Once we have our final hidden state, $h_T$, (from feeding in the last word in the sequence, $x_T$) we feed it through a linear layer, $f$, (also known as a fully connected layer), to receive our predicted sentiment, $\hat{y} = f(h_T)$.

**In this example we will be feeding hidden state from RNN into fully connected layer. We can also feed output from RNN into fully connected layer which will provide better accuracy. In general classification tasks we feed output and encoder-decoder tasks we use hidden state.**  

**The output is the concatenation of the hidden state from every time step, whereas hidden is simply the final hidden state**

In [228]:
import torch
from torchtext import data
from torchtext import datasets
import random
SEED = 1234

torch.manual_seed(SEED)
torch.backends.cudnn.deterministic = True


## Getting and transforming data

In [278]:
TEXT = data.Field(tokenize='spacy',batch_first=True)
LABEL = data.LabelField(dtype=torch.float)

LABEL is defined by a LabelField, a special subset of the Field class specifically used for handling labels. TorchText sets tensors to be LongTensors by default, however our criterion expects both inputs to be FloatTensors. Setting the dtype to be torch.float, did this for us. The alternative method of doing this would be to do the conversion inside the train function by passing batch.label.float() instad of batch.label to the criterion.

In [279]:
train_data, test_data = datasets.IMDB.splits(TEXT, LABEL)

In [280]:
train_data, valid_data = train_data.split(random_state = random.seed(SEED), split_ratio=0.7)

In [281]:
print(f'Number of training examples: {len(train_data)}')
print(f'Number of validation examples: {len(valid_data)}')
print(f'Number of testing examples: {len(test_data)}')

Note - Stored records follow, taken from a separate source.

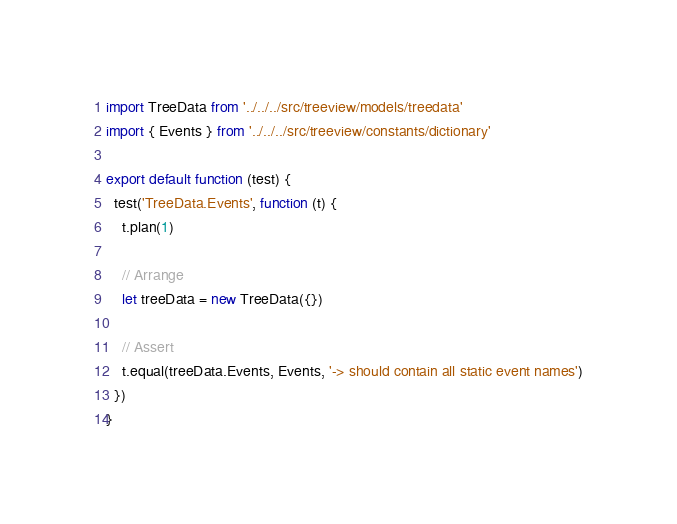<code> <loc_0><loc_0><loc_500><loc_500><_TypeScript_>import TreeData from '../../../src/treeview/models/treedata'
import { Events } from '../../../src/treeview/constants/dictionary'

export default function (test) {
  test('TreeData.Events', function (t) {
    t.plan(1)

    // Arrange
    let treeData = new TreeData({})

    // Assert
    t.equal(treeData.Events, Events, '-> should contain all static event names')
  })
}
</code> 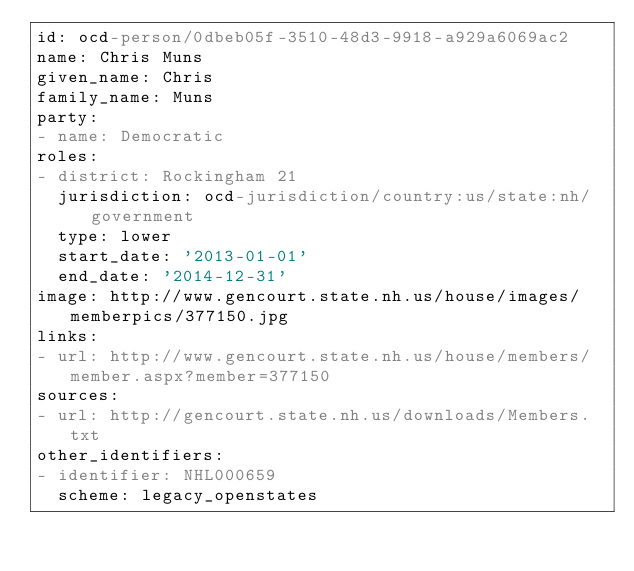Convert code to text. <code><loc_0><loc_0><loc_500><loc_500><_YAML_>id: ocd-person/0dbeb05f-3510-48d3-9918-a929a6069ac2
name: Chris Muns
given_name: Chris
family_name: Muns
party:
- name: Democratic
roles:
- district: Rockingham 21
  jurisdiction: ocd-jurisdiction/country:us/state:nh/government
  type: lower
  start_date: '2013-01-01'
  end_date: '2014-12-31'
image: http://www.gencourt.state.nh.us/house/images/memberpics/377150.jpg
links:
- url: http://www.gencourt.state.nh.us/house/members/member.aspx?member=377150
sources:
- url: http://gencourt.state.nh.us/downloads/Members.txt
other_identifiers:
- identifier: NHL000659
  scheme: legacy_openstates
</code> 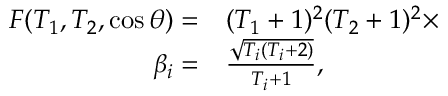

Number of training examples: 17500
Number of validation examples: 7500
Number of testing examples: 25000


In [282]:
TEXT.build_vocab(train_data, max_size = 25000)
LABEL.build_vocab(train_data)

In [283]:
print(f"Unique tokens in TEXT vocabulary: {len(TEXT.vocab)}")
print(f"Unique tokens in LABEL vocabulary: {len(LABEL.vocab)}")

Unique tokens in TEXT vocabulary: 25002
Unique tokens in LABEL vocabulary: 2


In [284]:
LABEL.vocab.stoi

defaultdict(None, {'neg': 0, 'pos': 1})

In [285]:
number_of_vocabs = len(TEXT.vocab)
embedding_dim = 300

In [286]:
BATCH_SIZE = 64

device = torch.device('cuda' if torch.cuda.is_available() else 'cpu')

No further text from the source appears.